Gabrielle de la Puente

In the 1992 novel Poor Things, by ex-art-student Alasdair Gray, rogue scientist Godwin Baxter salvages the body of a pregnant woman who died in Glasgow’s river Clyde by suicide. Capitalising on the opportunity to do something rogue in pursuit of scientific discovery, Godwin transplants the baby’s brain in the approximately 25 year old woman’s head. He does something or other with electrical currents, and brings both of them, at least in part, back to life. The result is Bella Baxter.

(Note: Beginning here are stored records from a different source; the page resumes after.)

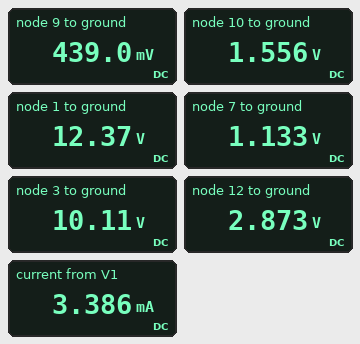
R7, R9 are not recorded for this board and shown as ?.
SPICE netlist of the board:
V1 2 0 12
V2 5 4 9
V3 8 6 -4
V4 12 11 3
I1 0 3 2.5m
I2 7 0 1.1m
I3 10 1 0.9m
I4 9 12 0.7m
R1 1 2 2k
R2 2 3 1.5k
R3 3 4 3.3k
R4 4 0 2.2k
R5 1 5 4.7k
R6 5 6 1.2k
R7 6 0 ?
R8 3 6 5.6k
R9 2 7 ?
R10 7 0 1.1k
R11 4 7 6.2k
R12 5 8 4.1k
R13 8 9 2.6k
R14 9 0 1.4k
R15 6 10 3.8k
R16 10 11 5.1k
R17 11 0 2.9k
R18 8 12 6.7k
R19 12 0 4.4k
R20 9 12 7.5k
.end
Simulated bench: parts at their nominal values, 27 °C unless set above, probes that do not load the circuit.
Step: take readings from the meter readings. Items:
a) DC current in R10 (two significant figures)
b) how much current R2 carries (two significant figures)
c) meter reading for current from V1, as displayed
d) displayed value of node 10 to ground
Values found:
1.0 mA
1.3 mA
3.386 mA
1.556 V
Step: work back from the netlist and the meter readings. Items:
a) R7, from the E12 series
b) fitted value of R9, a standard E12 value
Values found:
2.2 kΩ
4.7 kΩ
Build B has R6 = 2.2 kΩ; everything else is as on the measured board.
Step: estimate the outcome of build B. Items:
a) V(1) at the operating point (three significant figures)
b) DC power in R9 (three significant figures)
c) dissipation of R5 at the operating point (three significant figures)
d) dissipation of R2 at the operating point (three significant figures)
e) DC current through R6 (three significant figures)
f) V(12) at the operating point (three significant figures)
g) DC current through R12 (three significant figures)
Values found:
12.5 V
24.9 mW
1.98 mW
2.24 mW
1.65 mA
2.74 V
1.86 mA
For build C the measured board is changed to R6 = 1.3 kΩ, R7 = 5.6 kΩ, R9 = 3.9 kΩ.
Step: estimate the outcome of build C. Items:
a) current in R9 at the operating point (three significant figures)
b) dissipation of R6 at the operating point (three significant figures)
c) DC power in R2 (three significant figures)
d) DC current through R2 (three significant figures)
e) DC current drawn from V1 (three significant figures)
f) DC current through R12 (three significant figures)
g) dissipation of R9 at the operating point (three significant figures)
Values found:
2.67 mA
3.88 mW
1.39 mW
963 µA
3.32 mA
1.52 mA
27.8 mW
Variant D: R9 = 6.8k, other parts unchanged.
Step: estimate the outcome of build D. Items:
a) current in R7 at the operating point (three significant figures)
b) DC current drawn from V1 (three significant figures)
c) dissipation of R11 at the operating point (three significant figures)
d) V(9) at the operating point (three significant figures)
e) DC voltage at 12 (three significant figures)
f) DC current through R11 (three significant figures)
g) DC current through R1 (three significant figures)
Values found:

Imagine if a tiny baby was driving the wobbly body of a grown woman like a mech. Imagine if Frankenstein’s monster was cute, and then very horny. The baby’s brain develops much faster than it would have if it had stayed attached to its original skull, and the result is a living entity desperate to catch up with its new situation. Just like a baby grabs at the world to get a proper sense of it, Bella grabs at people, words, places, books, bunny rabbits, science, and just everything that life has to offer. Godwin can’t teach his surgical fabrication fast enough. Even though he tries his best to satiate Bella, she is a juggernaut of a student who legs it far beyond God’s grasp to get her philosophical fill. Off she goes. There are adventures to be had, so why wouldn’t she have some?

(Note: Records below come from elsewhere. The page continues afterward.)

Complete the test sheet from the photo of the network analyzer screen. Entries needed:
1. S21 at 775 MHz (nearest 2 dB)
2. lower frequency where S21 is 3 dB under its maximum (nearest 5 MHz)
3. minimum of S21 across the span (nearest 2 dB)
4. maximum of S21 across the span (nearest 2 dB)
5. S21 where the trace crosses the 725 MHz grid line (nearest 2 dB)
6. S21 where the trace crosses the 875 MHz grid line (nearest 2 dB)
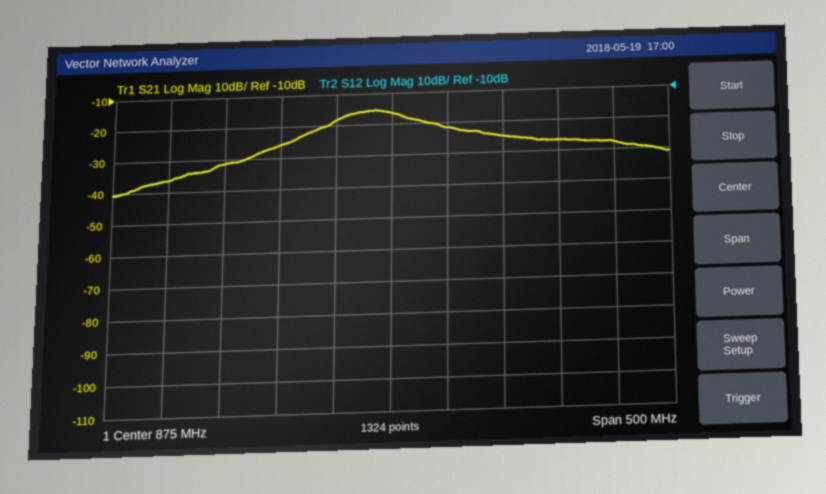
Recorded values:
-26 dB
825 MHz
-40 dB
-16 dB
-32 dB
-16 dB

Poor Things is a very rich story that could launch a thousand essays. Essays on Frankenstinian fantasies and medical ethics. Essays on morality, souls, sex, age, consent, and sex work. There could be literary essays on epistolaries, portraiture, creative license, framing devices, unreliable narrators, pastiche, and more focused examinations on Bella’s bouncy linguistics. But I haven’t thought deeply about any of those important things because Alasdair Gray made Bella Baxter and Bella Baxter, in her alliteration and her wild animal verve and her frankness and her impossible biology, has left me thinking about all the ways I have and haven’t grown up. I think I might be sad about it? I think I would like to regress.

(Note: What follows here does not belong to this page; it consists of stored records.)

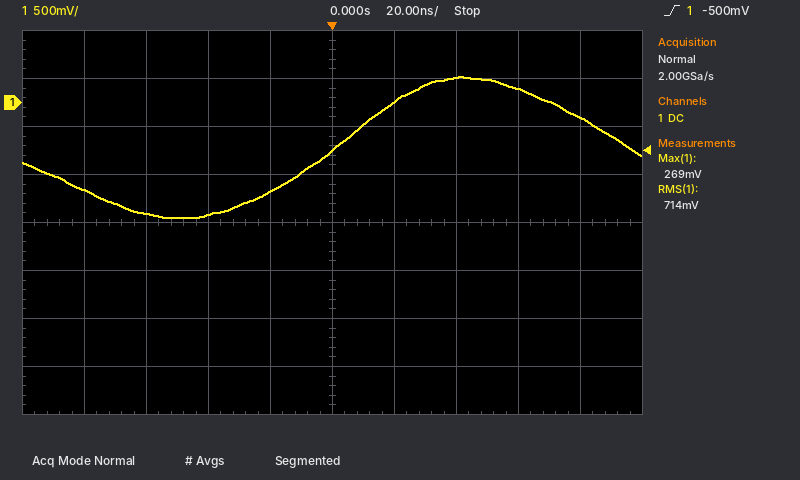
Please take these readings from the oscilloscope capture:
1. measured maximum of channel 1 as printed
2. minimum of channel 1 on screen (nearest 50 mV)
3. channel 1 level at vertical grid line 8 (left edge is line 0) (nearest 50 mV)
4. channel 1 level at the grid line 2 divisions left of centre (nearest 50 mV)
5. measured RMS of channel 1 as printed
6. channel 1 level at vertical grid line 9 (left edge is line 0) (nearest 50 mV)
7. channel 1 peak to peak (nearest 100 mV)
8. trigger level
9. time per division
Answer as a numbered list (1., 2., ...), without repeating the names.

1. 269 mV
2. -1.20 V
3. 150 mV
4. -1.15 V
5. 714 mV
6. -150 mV
7. 1.50 V
8. -500 mV
9. 20 ns

I listened to the Poor Things audiobook before I saw the film, and the experience was a bit like being in class. Nothing as grand or air-conditioned as a lecture hall, I mean a senior school class with its concentrated body odour and plastic chairs and me sat there with my brain on fire having revelations. Some teacher scorching the outer layer of my brain’s wet marshmallow, making mention of Karl Marx, Helen Chadwick, and German Expressionism. Mad heat, those teenage years, when school was good but never enough; when I read The Divine Comedy out loud in my bedroom to no one, and drew the fabric in Titian paintings in thick 8B pencils. 14, 15, 16, when I made my way through an exhaustive list of books about drunk American men because it felt so important at the time; and when I watched films I’d think were too long to bother with now. I got through His Dark Materials fast enough (wanted to be Lyra, wanted to fight God) but then decided to re-read the series in Spanish, slowly. I had to annotate a new word on every other line and it probably looked like I had given myself detention, but the entire time my brain was in that other language and its other-other worlds, things felt right.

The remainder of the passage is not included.